LAS VEGAS, NEVADA — The Association of Legal Administrators’ (ALA’s) 2015 Business of Law Conference series finished off with the third conference in Las Vegas, Nevada. The event ran Thursday, October 22, to Saturday, October 24, and hosted nearly 225 attendees, 50 business partners showcasing legal solutions, legal industry experts and speakers covering aspects of the business of law.

“The business of law is evolving within our midst, and administrators and functional specialists, both seasoned and new, must be on the forefront of such an evolution,” Planning Committee Chair Mark Tallent said of the event.
The association’s 2015 Business of Law Conferences provided identical education across three convenient U.S. geographical locations. The high-caliber educational content was geared toward the needs of legal management leaders and functional specialists in the business of law. Attendees gained insights on hot topics in the legal industry, learning from experts on profitability, innovation, strategy, leadership and technology.
On Friday, October 23, Communications Management speaker Izzy Gesell presented a session titled “Fostering Creativity and Innovation Agility,” with a continuing workshop later in the day.
“Once you volunteer, you cannot fail. You have empathy.” Gesell advised the audience. “The courage to step into the unknown creates a climate by which other people then feel safer around you. As the administrator in your office, it’s very much how you act that influences how people see you.”
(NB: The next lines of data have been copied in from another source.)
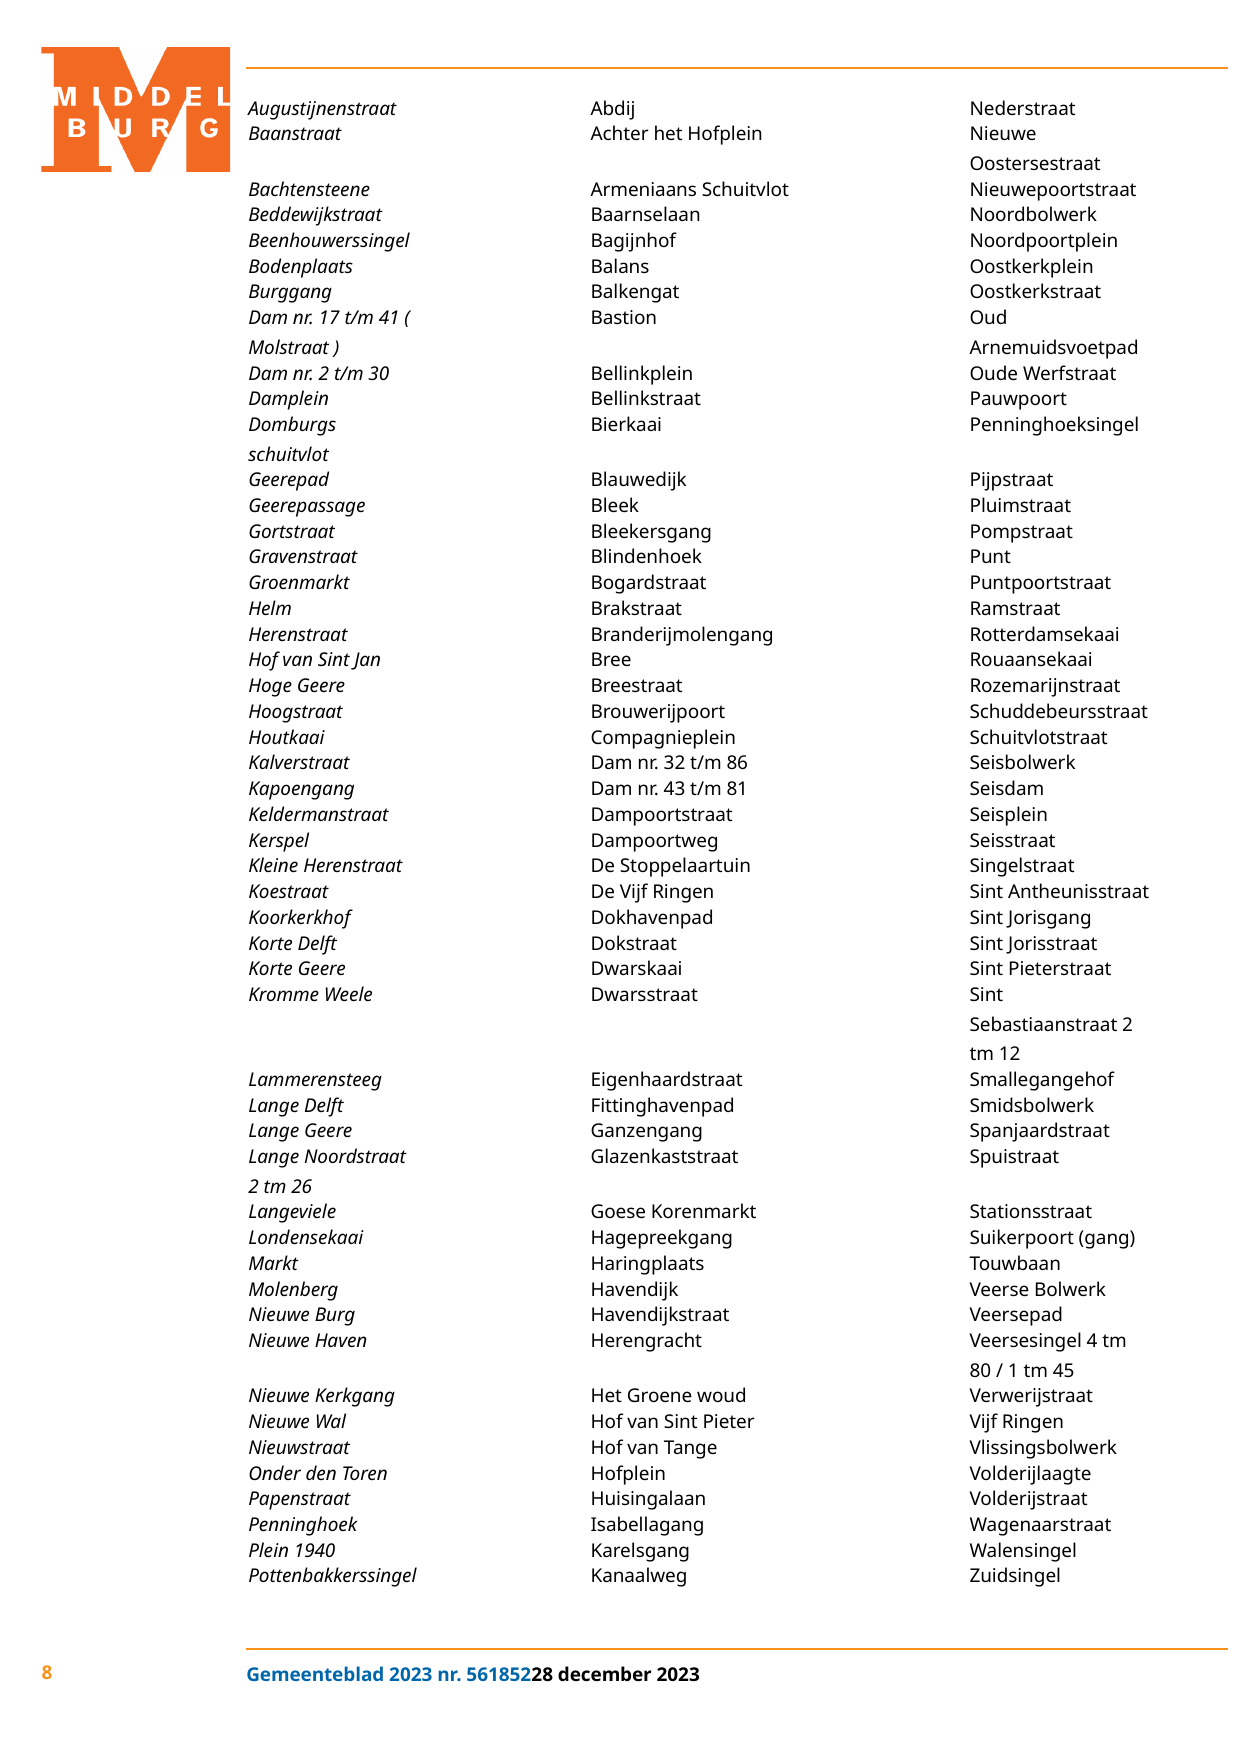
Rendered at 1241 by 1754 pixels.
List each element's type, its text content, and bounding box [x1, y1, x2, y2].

table_cell Lange Geere [248, 1118, 423, 1143]
table_cell [802, 1301, 969, 1327]
table_cell Markt [248, 1250, 423, 1276]
table_cell Dokhavenpad [590, 904, 802, 930]
table_cell [423, 1301, 590, 1327]
table_cell [423, 595, 590, 621]
table_cell Brakstraat [590, 595, 802, 621]
table_cell Damplein [248, 386, 423, 411]
table_cell [423, 853, 590, 878]
table_cell Wagenaarstraat [969, 1511, 1152, 1537]
table_cell [423, 1276, 590, 1301]
table_cell [423, 1327, 590, 1382]
table_cell Seisdam [969, 775, 1152, 801]
table_cell [802, 1434, 969, 1460]
table_cell Beenhouwerssingel [248, 227, 423, 253]
table_cell Houtkaai [248, 724, 423, 749]
table_cell Punt [969, 544, 1152, 569]
table_cell Schuitvlotstraat [969, 724, 1152, 749]
table_cell [423, 1537, 590, 1563]
table_cell [802, 227, 969, 253]
table_cell Bierkaai [590, 411, 802, 467]
table_cell Rotterdamsekaai [969, 621, 1152, 647]
table_cell Kapoengang [248, 775, 423, 801]
table_cell Puntpoortstraat [969, 570, 1152, 595]
table_cell [802, 386, 969, 411]
table_cell Hof van Sint Pieter [590, 1408, 802, 1434]
table_cell [423, 827, 590, 852]
table_cell Goese Korenmarkt [590, 1199, 802, 1224]
table_cell [802, 930, 969, 955]
table_cell Lange Delft [248, 1092, 423, 1117]
table_cell Noordpoortplein [969, 227, 1152, 253]
table_cell Havendijk [590, 1276, 802, 1301]
table_cell [802, 1199, 969, 1224]
table_cell [423, 981, 590, 1066]
table_cell Papenstraat [248, 1485, 423, 1511]
table_cell Abdij [590, 95, 802, 121]
table_cell [423, 698, 590, 724]
table_cell Oostkerkplein [969, 253, 1152, 279]
table_cell Brouwerijpoort [590, 698, 802, 724]
table_cell [802, 981, 969, 1066]
table_cell Branderijmolengang [590, 621, 802, 647]
table_cell Bachtensteene [248, 176, 423, 202]
table_cell [802, 724, 969, 749]
table_cell Spuistraat [969, 1143, 1152, 1198]
table_cell [802, 411, 969, 467]
table_cell Nieuwepoortstraat [969, 176, 1152, 202]
table_cell Londensekaai [248, 1224, 423, 1250]
table_cell [423, 750, 590, 775]
table_cell Walensingel [969, 1537, 1152, 1563]
table_cell Keldermanstraat [248, 801, 423, 827]
table_cell Smallegangehof [969, 1066, 1152, 1092]
table_cell [423, 518, 590, 544]
table_cell [423, 411, 590, 467]
table_cell Penninghoeksingel [969, 411, 1152, 467]
table_cell [423, 253, 590, 279]
table_cell [423, 544, 590, 569]
table_cell [802, 467, 969, 492]
table_cell [423, 930, 590, 955]
table_cell Hagepreekgang [590, 1224, 802, 1250]
table_cell Pompstraat [969, 518, 1152, 544]
table_cell [802, 698, 969, 724]
table_cell Karelsgang [590, 1537, 802, 1563]
table_cell [802, 1511, 969, 1537]
table_cell Noordbolwerk [969, 202, 1152, 227]
table_cell Lammerensteeg [248, 1066, 423, 1092]
table_cell Korte Geere [248, 955, 423, 981]
table_cell Bellinkplein [590, 360, 802, 386]
table_cell [423, 95, 590, 121]
table_cell Sint Sebastiaanstraat 2 tm 12 [969, 981, 1152, 1066]
table_cell [802, 121, 969, 176]
picture [41, 47, 231, 172]
table_cell [802, 1066, 969, 1092]
table_cell Seisstraat [969, 827, 1152, 852]
table_cell [423, 621, 590, 647]
table_cell [802, 750, 969, 775]
table_cell [423, 279, 590, 304]
table_cell Touwbaan [969, 1250, 1152, 1276]
table_cell De Stoppelaartuin [590, 853, 802, 878]
table_cell Compagnieplein [590, 724, 802, 749]
table_cell [423, 386, 590, 411]
table_cell Bagijnhof [590, 227, 802, 253]
table_cell [423, 227, 590, 253]
table_cell Veersesingel 4 tm 80 / 1 tm 45 [969, 1327, 1152, 1382]
table_cell Blauwedijk [590, 467, 802, 492]
table_cell Dam nr. 17 t/m 41 ( Molstraat ) [248, 305, 423, 360]
table_cell Vlissingsbolwerk [969, 1434, 1152, 1460]
table_cell Dam nr. 43 t/m 81 [590, 775, 802, 801]
table_cell [423, 492, 590, 518]
table_cell Nieuwstraat [248, 1434, 423, 1460]
table_cell [802, 1327, 969, 1382]
table_cell [802, 1092, 969, 1117]
table_cell Domburgs schuitvlot [248, 411, 423, 467]
table_cell Nieuwe Oostersestraat [969, 121, 1152, 176]
table_cell Suikerpoort (gang) [969, 1224, 1152, 1250]
table_cell [802, 904, 969, 930]
table_cell [423, 878, 590, 904]
table_cell [423, 955, 590, 981]
table_cell Pauwpoort [969, 386, 1152, 411]
table_cell Hof van Sint Jan [248, 647, 423, 672]
table_cell [802, 827, 969, 852]
table_cell Bastion [590, 305, 802, 360]
table_cell Gravenstraat [248, 544, 423, 569]
table_cell [423, 1485, 590, 1511]
table_cell [423, 801, 590, 827]
table_cell Kalverstraat [248, 750, 423, 775]
table_cell Schuddebeursstraat [969, 698, 1152, 724]
table_cell Verwerijstraat [969, 1383, 1152, 1408]
table_cell [802, 955, 969, 981]
table_cell [802, 1537, 969, 1563]
table_cell [423, 176, 590, 202]
table_cell [802, 95, 969, 121]
table_cell Stationsstraat [969, 1199, 1152, 1224]
table_cell [423, 202, 590, 227]
table_cell Spanjaardstraat [969, 1118, 1152, 1143]
table_cell [423, 1511, 590, 1537]
table_cell [802, 1276, 969, 1301]
table_cell Hofplein [590, 1460, 802, 1485]
table_cell [802, 1563, 969, 1588]
table_cell [423, 360, 590, 386]
table_cell [802, 647, 969, 672]
table_cell Dam nr. 2 t/m 30 [248, 360, 423, 386]
table_cell Rouaansekaai [969, 647, 1152, 672]
table_cell [423, 1383, 590, 1408]
table_cell [802, 1485, 969, 1511]
table_cell [802, 518, 969, 544]
table_cell [802, 360, 969, 386]
table_cell Singelstraat [969, 853, 1152, 878]
table_cell Bogardstraat [590, 570, 802, 595]
table_cell Nieuwe Burg [248, 1301, 423, 1327]
table_cell [423, 305, 590, 360]
table_cell Gortstraat [248, 518, 423, 544]
table_cell Hoogstraat [248, 698, 423, 724]
table_cell Helm [248, 595, 423, 621]
table_cell Dwarskaai [590, 955, 802, 981]
table_cell [802, 570, 969, 595]
table_cell Groenmarkt [248, 570, 423, 595]
table_cell Oostkerkstraat [969, 279, 1152, 304]
table_cell [423, 467, 590, 492]
table_cell Fittinghavenpad [590, 1092, 802, 1117]
table_cell [802, 1460, 969, 1485]
table_cell Balans [590, 253, 802, 279]
table_cell Herenstraat [248, 621, 423, 647]
table_cell [802, 1408, 969, 1434]
table_cell [802, 305, 969, 360]
table_cell Burggang [248, 279, 423, 304]
table_cell [423, 775, 590, 801]
table_cell Pottenbakkerssingel [248, 1563, 423, 1588]
table_cell [802, 801, 969, 827]
table_cell [802, 1143, 969, 1198]
table_cell [802, 595, 969, 621]
table_cell [423, 570, 590, 595]
table_cell Kleine Herenstraat [248, 853, 423, 878]
table_cell Veerse Bolwerk [969, 1276, 1152, 1301]
table_cell Seisplein [969, 801, 1152, 827]
table_cell Dwarsstraat [590, 981, 802, 1066]
table_cell [802, 853, 969, 878]
table_cell [802, 492, 969, 518]
table_cell [423, 724, 590, 749]
table_cell Bree [590, 647, 802, 672]
table_cell Oude Werfstraat [969, 360, 1152, 386]
table_cell Armeniaans Schuitvlot [590, 176, 802, 202]
table_cell Achter het Hofplein [590, 121, 802, 176]
table_cell [423, 1563, 590, 1588]
table_cell [423, 673, 590, 698]
table_cell Sint Antheunisstraat [969, 878, 1152, 904]
table_cell Nieuwe Wal [248, 1408, 423, 1434]
table_cell [802, 1224, 969, 1250]
table_cell Nieuwe Haven [248, 1327, 423, 1382]
table_cell Dampoortweg [590, 827, 802, 852]
table_cell [423, 1066, 590, 1092]
table_cell Sint Jorisgang [969, 904, 1152, 930]
table_cell [423, 904, 590, 930]
table_cell [802, 1118, 969, 1143]
table_cell Dokstraat [590, 930, 802, 955]
table_cell [423, 121, 590, 176]
table_cell Volderijlaagte [969, 1460, 1152, 1485]
table_cell Pijpstraat [969, 467, 1152, 492]
table_cell [802, 673, 969, 698]
table_cell Breestraat [590, 673, 802, 698]
table_cell [802, 878, 969, 904]
table_cell Haringplaats [590, 1250, 802, 1276]
table_cell [802, 202, 969, 227]
table_cell Oud Arnemuidsvoetpad [969, 305, 1152, 360]
table_cell Vijf Ringen [969, 1408, 1152, 1434]
table_cell [802, 621, 969, 647]
table_cell Seisbolwerk [969, 750, 1152, 775]
table_cell Langeviele [248, 1199, 423, 1224]
table_cell [423, 1250, 590, 1276]
table_cell Koestraat [248, 878, 423, 904]
table_cell [802, 1383, 969, 1408]
table_cell Nieuwe Kerkgang [248, 1383, 423, 1408]
table_cell Baanstraat [248, 121, 423, 176]
table_cell Rozemarijnstraat [969, 673, 1152, 698]
table_cell [423, 1092, 590, 1117]
table_cell Bleek [590, 492, 802, 518]
table_cell [802, 253, 969, 279]
table_cell Glazenkaststraat [590, 1143, 802, 1198]
table_cell [802, 1250, 969, 1276]
table_cell Balkengat [590, 279, 802, 304]
table_cell Geerepassage [248, 492, 423, 518]
table_cell [802, 775, 969, 801]
table_cell Koorkerkhof [248, 904, 423, 930]
table_cell Herengracht [590, 1327, 802, 1382]
table_cell [802, 176, 969, 202]
table_cell Nederstraat [969, 95, 1152, 121]
table_cell Bellinkstraat [590, 386, 802, 411]
table_cell Geerepad [248, 467, 423, 492]
table_cell Volderijstraat [969, 1485, 1152, 1511]
table_cell Kerspel [248, 827, 423, 852]
table_cell Dam nr. 32 t/m 86 [590, 750, 802, 775]
table_cell Sint Pieterstraat [969, 955, 1152, 981]
table_cell Hoge Geere [248, 673, 423, 698]
table_cell [802, 544, 969, 569]
table_cell Het Groene woud [590, 1383, 802, 1408]
table_cell Blindenhoek [590, 544, 802, 569]
table_cell Beddewijkstraat [248, 202, 423, 227]
table_cell Onder den Toren [248, 1460, 423, 1485]
table_cell [423, 1118, 590, 1143]
table_cell Sint Jorisstraat [969, 930, 1152, 955]
table_cell Kromme Weele [248, 981, 423, 1066]
table_cell Havendijkstraat [590, 1301, 802, 1327]
table_cell Bodenplaats [248, 253, 423, 279]
table_cell Augustijnenstraat [248, 95, 423, 121]
table_cell [423, 1224, 590, 1250]
table_cell Eigenhaardstraat [590, 1066, 802, 1092]
table_cell [423, 1143, 590, 1198]
table_cell Smidsbolwerk [969, 1092, 1152, 1117]
table_cell [423, 1199, 590, 1224]
table_cell [802, 279, 969, 304]
table_cell Ganzengang [590, 1118, 802, 1143]
table_cell Baarnselaan [590, 202, 802, 227]
table_cell Isabellagang [590, 1511, 802, 1537]
table_cell Pluimstraat [969, 492, 1152, 518]
table_cell Zuidsingel [969, 1563, 1152, 1588]
table_cell Dampoortstraat [590, 801, 802, 827]
table_cell Penninghoek [248, 1511, 423, 1537]
table_cell Bleekersgang [590, 518, 802, 544]
table_cell Lange Noordstraat 2 tm 26 [248, 1143, 423, 1198]
table_cell Kanaalweg [590, 1563, 802, 1588]
table_cell Huisingalaan [590, 1485, 802, 1511]
table_cell De Vijf Ringen [590, 878, 802, 904]
table_cell Molenberg [248, 1276, 423, 1301]
table_cell [423, 647, 590, 672]
table_cell Plein 1940 [248, 1537, 423, 1563]
table_cell Korte Delft [248, 930, 423, 955]
table_cell Hof van Tange [590, 1434, 802, 1460]
table_cell [423, 1434, 590, 1460]
table_cell [423, 1408, 590, 1434]
table_cell [423, 1460, 590, 1485]
table_cell Veersepad [969, 1301, 1152, 1327]
table_cell Ramstraat [969, 595, 1152, 621]

He went on to discuss the importance of three qualities that are shared by legal administrators and improvisers: presence in the moment, acceptance of reality and trust in the process.

“You become a powerful asset in the face of adversity if you nurture these qualities,” he said.

Also on Friday, ALA held a town hall meeting to discuss a rebranding initiative. Attendees had an opportunity to ask questions of ALA’s Board of Directors regarding the proposed name change. ALA Past President Paula Barnes and Region 5 Director April Campbell, along with other Board members, fielded questions that encompassed the voting procedure, motivation behind the change and concerns about the proposed new name.

“Sixty percent of you here today do not have the word ‘administrator’ in your title,” said Campbell. “We’re seeing much more diversification in our membership, and from our research that we have collected over the past six years, we found that members didn't really feel our name represented them.”

The rebrand initiative must pass by a simple majority of ALA chapter presidents’ votes in order to pass, per the association’s bylaws.

On Saturday, October 24, Human Resources speaker and keynote Larry Johnson presented “How to Cultivate Employee Accountability.” He began by asking attendees to finish the sentence, “I would be more effective working with [this coworker] if.”

“The next word tends to be ‘he’ or ‘she,’” said Johnson. “Change that pronoun to ‘I.’ What are you going to do about it? It's up to us to take action.”

Johnson went on to give practical solutions for everyday issues of accountability, such as what he called “poor me” syndrome – when an employee gives you excuses – and making expectations clear.

“If you want to hold people accountable, you can't take their jobs away from them,” Johnson said. “It’s a whole lot easier to coach that person to do their job than it is to do their job for them from now on.”